Each of the entries below should be written out exactly as it reads.

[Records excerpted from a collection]
======

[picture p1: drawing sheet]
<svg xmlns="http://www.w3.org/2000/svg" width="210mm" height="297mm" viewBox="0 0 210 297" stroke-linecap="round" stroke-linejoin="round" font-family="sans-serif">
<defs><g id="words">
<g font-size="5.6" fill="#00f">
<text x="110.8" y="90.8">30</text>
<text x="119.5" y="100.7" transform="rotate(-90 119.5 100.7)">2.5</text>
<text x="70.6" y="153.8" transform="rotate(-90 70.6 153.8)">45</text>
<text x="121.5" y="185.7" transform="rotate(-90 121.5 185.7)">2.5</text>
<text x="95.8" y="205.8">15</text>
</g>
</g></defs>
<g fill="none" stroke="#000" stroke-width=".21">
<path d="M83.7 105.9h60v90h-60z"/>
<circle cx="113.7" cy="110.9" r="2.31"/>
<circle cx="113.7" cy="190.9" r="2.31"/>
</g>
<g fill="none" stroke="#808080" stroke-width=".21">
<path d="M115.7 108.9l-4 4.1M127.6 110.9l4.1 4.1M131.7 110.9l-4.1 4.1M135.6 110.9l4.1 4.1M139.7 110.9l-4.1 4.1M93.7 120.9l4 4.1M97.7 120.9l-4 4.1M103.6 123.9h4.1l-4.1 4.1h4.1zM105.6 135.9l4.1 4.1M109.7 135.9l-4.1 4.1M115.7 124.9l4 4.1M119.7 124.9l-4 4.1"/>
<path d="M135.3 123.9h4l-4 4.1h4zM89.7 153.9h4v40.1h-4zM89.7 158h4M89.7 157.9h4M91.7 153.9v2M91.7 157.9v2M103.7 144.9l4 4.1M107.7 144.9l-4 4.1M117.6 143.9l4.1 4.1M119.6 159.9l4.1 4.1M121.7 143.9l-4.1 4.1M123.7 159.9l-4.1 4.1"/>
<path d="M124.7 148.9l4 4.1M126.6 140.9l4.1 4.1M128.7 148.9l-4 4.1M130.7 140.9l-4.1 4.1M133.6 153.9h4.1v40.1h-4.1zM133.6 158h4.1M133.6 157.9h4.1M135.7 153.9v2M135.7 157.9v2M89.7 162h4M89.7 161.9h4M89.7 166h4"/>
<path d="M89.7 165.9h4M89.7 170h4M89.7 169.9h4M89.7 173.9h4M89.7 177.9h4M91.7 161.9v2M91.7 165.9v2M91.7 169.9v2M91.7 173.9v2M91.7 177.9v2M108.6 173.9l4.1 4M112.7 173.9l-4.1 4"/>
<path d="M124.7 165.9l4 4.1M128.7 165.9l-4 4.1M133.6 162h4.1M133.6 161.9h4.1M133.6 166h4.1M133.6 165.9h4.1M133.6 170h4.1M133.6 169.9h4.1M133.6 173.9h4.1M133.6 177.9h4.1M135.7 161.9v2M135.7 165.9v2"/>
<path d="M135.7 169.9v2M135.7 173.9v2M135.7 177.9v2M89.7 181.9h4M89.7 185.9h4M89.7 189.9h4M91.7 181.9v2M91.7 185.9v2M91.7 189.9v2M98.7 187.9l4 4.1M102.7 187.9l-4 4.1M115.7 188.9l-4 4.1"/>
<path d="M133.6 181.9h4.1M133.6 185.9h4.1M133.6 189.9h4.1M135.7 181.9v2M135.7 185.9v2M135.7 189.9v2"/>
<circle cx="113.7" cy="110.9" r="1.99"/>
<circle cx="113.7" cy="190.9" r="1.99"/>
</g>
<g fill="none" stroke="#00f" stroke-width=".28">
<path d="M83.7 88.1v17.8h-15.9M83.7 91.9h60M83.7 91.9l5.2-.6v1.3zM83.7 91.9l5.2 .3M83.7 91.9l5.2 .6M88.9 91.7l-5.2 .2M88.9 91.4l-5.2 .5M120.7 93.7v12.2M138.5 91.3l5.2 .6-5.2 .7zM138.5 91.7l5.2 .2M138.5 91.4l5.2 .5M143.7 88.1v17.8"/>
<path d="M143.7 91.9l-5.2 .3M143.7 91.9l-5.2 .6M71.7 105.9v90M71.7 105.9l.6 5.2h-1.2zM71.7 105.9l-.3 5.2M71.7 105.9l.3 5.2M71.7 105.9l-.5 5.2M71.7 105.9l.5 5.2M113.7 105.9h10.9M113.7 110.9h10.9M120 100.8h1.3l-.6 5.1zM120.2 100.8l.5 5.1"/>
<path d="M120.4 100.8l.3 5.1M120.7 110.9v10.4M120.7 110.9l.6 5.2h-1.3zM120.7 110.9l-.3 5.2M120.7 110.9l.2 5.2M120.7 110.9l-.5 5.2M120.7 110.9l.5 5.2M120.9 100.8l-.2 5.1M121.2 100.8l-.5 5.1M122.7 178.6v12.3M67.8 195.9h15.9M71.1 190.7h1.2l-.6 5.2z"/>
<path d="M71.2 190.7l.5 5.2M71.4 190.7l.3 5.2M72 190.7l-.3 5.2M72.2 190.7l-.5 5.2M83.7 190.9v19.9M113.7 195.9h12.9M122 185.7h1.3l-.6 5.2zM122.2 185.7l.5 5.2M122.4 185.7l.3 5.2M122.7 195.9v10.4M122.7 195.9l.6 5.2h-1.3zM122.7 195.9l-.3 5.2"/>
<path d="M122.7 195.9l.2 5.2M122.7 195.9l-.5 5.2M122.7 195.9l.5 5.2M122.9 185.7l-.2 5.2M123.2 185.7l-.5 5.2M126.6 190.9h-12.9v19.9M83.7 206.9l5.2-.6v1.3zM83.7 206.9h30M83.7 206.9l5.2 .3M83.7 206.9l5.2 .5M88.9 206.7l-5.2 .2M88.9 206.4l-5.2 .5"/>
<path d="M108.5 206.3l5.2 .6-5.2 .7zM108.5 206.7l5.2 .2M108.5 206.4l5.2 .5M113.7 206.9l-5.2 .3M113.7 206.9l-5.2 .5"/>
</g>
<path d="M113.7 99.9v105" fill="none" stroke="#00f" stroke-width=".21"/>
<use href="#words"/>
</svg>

======

_Result of this exercise:_
[picture p1: drawing sheet]
<svg xmlns="http://www.w3.org/2000/svg" width="210mm" height="297mm" viewBox="0 0 210 297" stroke-linecap="round" stroke-linejoin="round" font-family="sans-serif">
<defs><g id="words">
<g font-size="5.6" fill="#00f">
<text x="110.8" y="90.8">30</text>
<text x="119.5" y="100.7" transform="rotate(-90 119.5 100.7)">2.5</text>
<text x="70.6" y="153.8" transform="rotate(-90 70.6 153.8)">45</text>
<text x="121.5" y="185.7" transform="rotate(-90 121.5 185.7)">2.5</text>
<text x="95.8" y="205.8">15</text>
</g>
</g></defs>
<g fill="none" stroke="#000" stroke-width=".21">
<path d="M83.7 105.9h60v90h-60z"/>
<circle cx="113.7" cy="110.9" r="2.31"/>
<circle cx="113.7" cy="190.9" r="2.31"/>
</g>
<g fill="none" stroke="#808080" stroke-width=".21">
<path d="M115.7 108.9l-4 4.1M127.6 110.9l4.1 4.1M131.7 110.9l-4.1 4.1M135.6 110.9l4.1 4.1M139.7 110.9l-4.1 4.1M93.7 120.9l4 4.1M97.7 120.9l-4 4.1M103.6 123.9h4.1l-4.1 4.1h4.1zM105.6 135.9l4.1 4.1M109.7 135.9l-4.1 4.1M115.7 124.9l4 4.1M119.7 124.9l-4 4.1"/>
<path d="M135.3 123.9h4l-4 4.1h4zM89.7 153.9h4v40.1h-4zM89.7 158h4M89.7 157.9h4M91.7 153.9v2M91.7 157.9v2M103.7 144.9l4 4.1M107.7 144.9l-4 4.1M117.6 143.9l4.1 4.1M119.6 159.9l4.1 4.1M121.7 143.9l-4.1 4.1M123.7 159.9l-4.1 4.1"/>
<path d="M124.7 148.9l4 4.1M126.6 140.9l4.1 4.1M128.7 148.9l-4 4.1M130.7 140.9l-4.1 4.1M133.6 153.9h4.1v40.1h-4.1zM133.6 158h4.1M133.6 157.9h4.1M135.7 153.9v2M135.7 157.9v2M89.7 162h4M89.7 161.9h4M89.7 166h4"/>
<path d="M89.7 165.9h4M89.7 170h4M89.7 169.9h4M89.7 173.9h4M89.7 177.9h4M91.7 161.9v2M91.7 165.9v2M91.7 169.9v2M91.7 173.9v2M91.7 177.9v2M108.6 173.9l4.1 4M112.7 173.9l-4.1 4"/>
<path d="M124.7 165.9l4 4.1M128.7 165.9l-4 4.1M133.6 162h4.1M133.6 161.9h4.1M133.6 166h4.1M133.6 165.9h4.1M133.6 170h4.1M133.6 169.9h4.1M133.6 173.9h4.1M133.6 177.9h4.1M135.7 161.9v2M135.7 165.9v2"/>
<path d="M135.7 169.9v2M135.7 173.9v2M135.7 177.9v2M89.7 181.9h4M89.7 185.9h4M89.7 189.9h4M91.7 181.9v2M91.7 185.9v2M91.7 189.9v2M98.7 187.9l4 4.1M102.7 187.9l-4 4.1M115.7 188.9l-4 4.1"/>
<path d="M133.6 181.9h4.1M133.6 185.9h4.1M133.6 189.9h4.1M135.7 181.9v2M135.7 185.9v2M135.7 189.9v2"/>
<circle cx="113.7" cy="110.9" r="1.99"/>
<circle cx="113.7" cy="190.9" r="1.99"/>
</g>
<g fill="none" stroke="#00f" stroke-width=".28">
<path d="M83.7 88.1v17.8h-15.9M83.7 91.9h60M83.7 91.9l5.2-.6v1.3zM83.7 91.9l5.2 .3M83.7 91.9l5.2 .6M88.9 91.7l-5.2 .2M88.9 91.4l-5.2 .5M120.7 93.7v12.2M138.5 91.3l5.2 .6-5.2 .7zM138.5 91.7l5.2 .2M138.5 91.4l5.2 .5M143.7 88.1v17.8"/>
<path d="M143.7 91.9l-5.2 .3M143.7 91.9l-5.2 .6M71.7 105.9v90M71.7 105.9l.6 5.2h-1.2zM71.7 105.9l-.3 5.2M71.7 105.9l.3 5.2M71.7 105.9l-.5 5.2M71.7 105.9l.5 5.2M113.7 105.9h10.9M113.7 110.9h10.9M120 100.8h1.3l-.6 5.1zM120.2 100.8l.5 5.1"/>
<path d="M120.4 100.8l.3 5.1M120.7 110.9v10.4M120.7 110.9l.6 5.2h-1.3zM120.7 110.9l-.3 5.2M120.7 110.9l.2 5.2M120.7 110.9l-.5 5.2M120.7 110.9l.5 5.2M120.9 100.8l-.2 5.1M121.2 100.8l-.5 5.1M122.7 178.6v12.3M67.8 195.9h15.9M71.1 190.7h1.2l-.6 5.2z"/>
<path d="M71.2 190.7l.5 5.2M71.4 190.7l.3 5.2M72 190.7l-.3 5.2M72.2 190.7l-.5 5.2M83.7 190.9v19.9M113.7 195.9h12.9M122 185.7h1.3l-.6 5.2zM122.2 185.7l.5 5.2M122.4 185.7l.3 5.2M122.7 195.9v10.4M122.7 195.9l.6 5.2h-1.3zM122.7 195.9l-.3 5.2"/>
<path d="M122.7 195.9l.2 5.2M122.7 195.9l-.5 5.2M122.7 195.9l.5 5.2M122.9 185.7l-.2 5.2M123.2 185.7l-.5 5.2M126.6 190.9h-12.9v19.9M83.7 206.9l5.2-.6v1.3zM83.7 206.9h30M83.7 206.9l5.2 .3M83.7 206.9l5.2 .5M88.9 206.7l-5.2 .2M88.9 206.4l-5.2 .5"/>
<path d="M108.5 206.3l5.2 .6-5.2 .7zM108.5 206.7l5.2 .2M108.5 206.4l5.2 .5M113.7 206.9l-5.2 .3M113.7 206.9l-5.2 .5"/>
</g>
<path d="M113.7 99.9v105" fill="none" stroke="#00f" stroke-width=".21"/>
<use href="#words"/>
</svg>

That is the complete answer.